[EN] Liberté de circulation de jure et mobilité de facto dans le marché intérieur de l’UE

Dans ce document d’orientation, Nathalie Spath et Paul-Jasper Dittrich, chercheurs à notre bureau allemand, l’Institut Jacques Delors – Berlin, identifient les principaux obstacles auxquels sont confrontés les travailleurs européens dans les autres pays de l’UE et formulent des recommandations pour améliorer la mobilité.
Une grande mobilité de la main-d’œuvre en tant que facteur de production est une condition préalable importante pour gagner en efficacité et augmenter la productivité à long terme au sein du marché intérieur de l’UE, en particulier lorsqu’elle est associée à une grande mobilité des capitaux en tant que facteur de production. Cependant, le fait que tous les citoyens de l’UE aient le droit de vivre et de travailler dans un autre État membre est encore plus important.
La libre circulation des personnes au sein du marché intérieur est l’une des libertés fondamentales de l’UE et est inscrite dans le droit primaire de l’UE depuis 1968. La liberté de circulation de jure est détaillée dans divers règlements et directives du droit dérivé. Cependant, dans de nombreux domaines, ce processus n’est pas encore achevé : il n’existe pas de garanties absolues en matière de portabilité transfrontalière des droits à pension et des prestations sociales. De plus, lorsqu’ils exercent une profession dans un autre État membre, les citoyens de l’UE sont confrontés au fait que de nombreuses professions dans l’UE sont encore réglementées au niveau national et que de nombreuses qualifications professionnelles ne sont pas automatiquement reconnues. Une harmonisation dans ces domaines permettrait à un plus grand nombre de citoyens de l’UE de travailler dans d’autres États membres. L’augmentation des possibilités individuelles renforce le potentiel économique inhérent à la mobilité de la main-d’œuvre.

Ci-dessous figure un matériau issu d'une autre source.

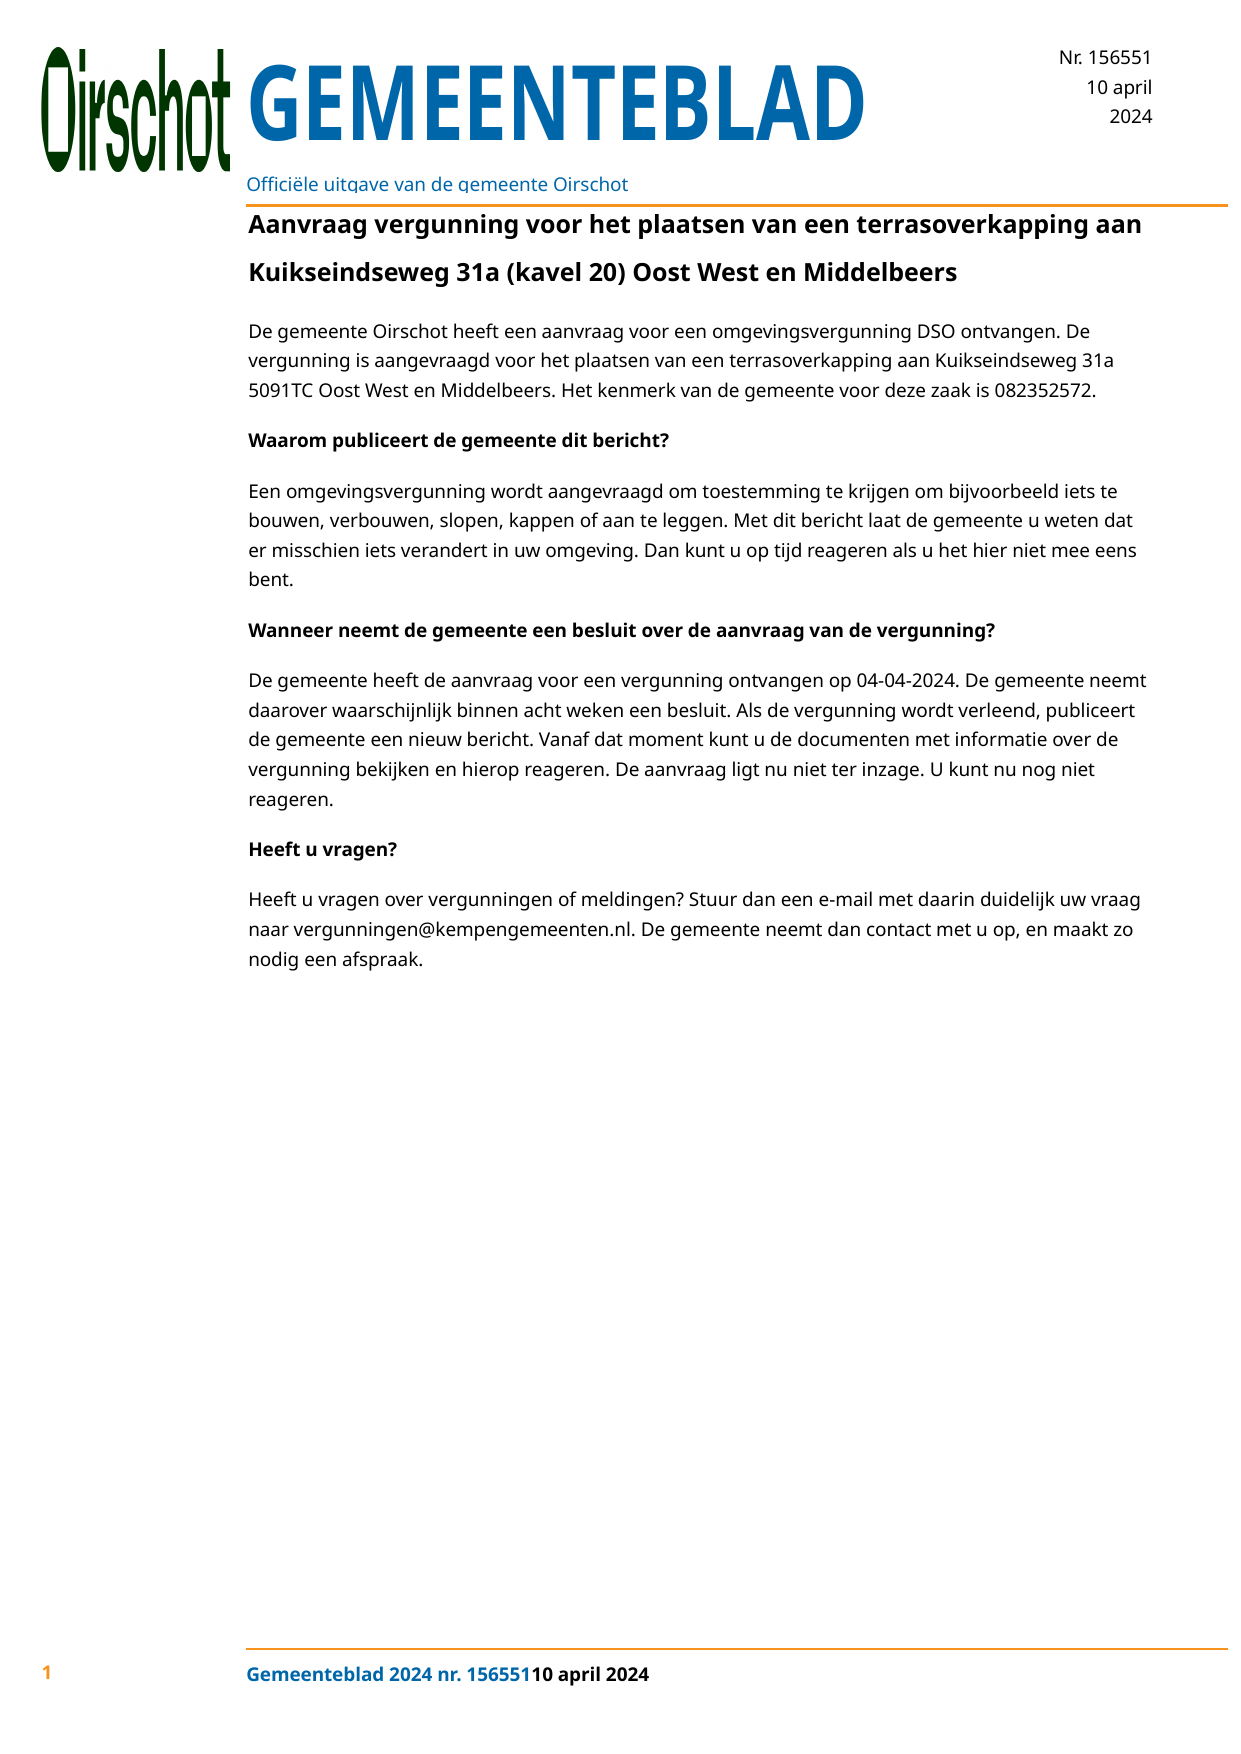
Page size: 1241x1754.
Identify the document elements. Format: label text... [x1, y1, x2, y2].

La liberté de circulation codifiée de jure coexiste avec une mobilité géographique de la main-d’œuvre de facto. En raison de certains obstacles structurels, cette dernière reste nettement inférieure à celle des États-Unis. Cela s’explique en partie par la barrière linguistique et en partie par l’absence d’agence pour l’emploi à l’échelle européenne. Les programmes de mobilité de l’UE, qui prennent également en charge les offres de stages, peuvent aider les jeunes citoyens de l’UE en particulier à améliorer leurs perspectives de carrière dans un autre pays de l’UE. Ces programmes peuvent s’appuyer sur les expériences acquises au niveau national. Une analyse des flux migratoires à la suite de la crise de la zone euro montre que la mobilité a continué d’augmenter en termes absolus et que cette augmentation est largement due à la migration de l’Europe de l’Est vers l’Europe occidentale. La crise de la zone euro a entraîné un flux migratoire du sud vers le nord, même si les chiffres concernés sont relativement faibles. Alors que les taux de chômage restent élevés dans le sud du continent, la demande de travailleurs qualifiés augmente dans d’autres pays. Une politique visant spécifiquement à encourager la mobilité géographique doit tenir compte de ces évolutions.

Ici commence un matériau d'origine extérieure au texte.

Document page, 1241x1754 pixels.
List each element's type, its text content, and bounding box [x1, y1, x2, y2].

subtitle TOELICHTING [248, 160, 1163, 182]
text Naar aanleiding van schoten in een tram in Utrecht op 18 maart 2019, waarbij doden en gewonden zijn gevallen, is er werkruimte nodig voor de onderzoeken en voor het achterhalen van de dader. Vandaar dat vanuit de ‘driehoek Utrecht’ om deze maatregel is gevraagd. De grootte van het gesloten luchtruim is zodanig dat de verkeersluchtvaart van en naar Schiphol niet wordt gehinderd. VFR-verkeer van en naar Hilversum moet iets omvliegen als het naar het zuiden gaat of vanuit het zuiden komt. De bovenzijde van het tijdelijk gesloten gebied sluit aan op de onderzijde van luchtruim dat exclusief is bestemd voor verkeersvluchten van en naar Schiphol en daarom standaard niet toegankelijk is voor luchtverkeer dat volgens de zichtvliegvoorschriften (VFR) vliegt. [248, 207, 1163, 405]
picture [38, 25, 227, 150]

Le 23 juin, le Royaume-Uni se prononcera sur son maintien ou non dans l’UE. Un vote favorable à la sortie entraînerait une discrimination partielle des travailleurs européens au Royaume-Uni. Dans le contexte de la crise des réfugiés et en réponse au terrorisme islamiste, des voix se sont élevées pour demander le renversement de la politique d’ouverture des frontières. La liberté de circulation, les déplacements quotidiens à travers des frontières ouvertes et l’égalité de traitement des citoyens de l’UE ne vont plus de soi. Il est urgent de trouver un nouveau scénario positif. Celui-ci devrait souligner l’importance de la mobilité de la main-d’œuvre et la manière dont elle peut générer des avantages économiques individuels et généraux pour l’UE.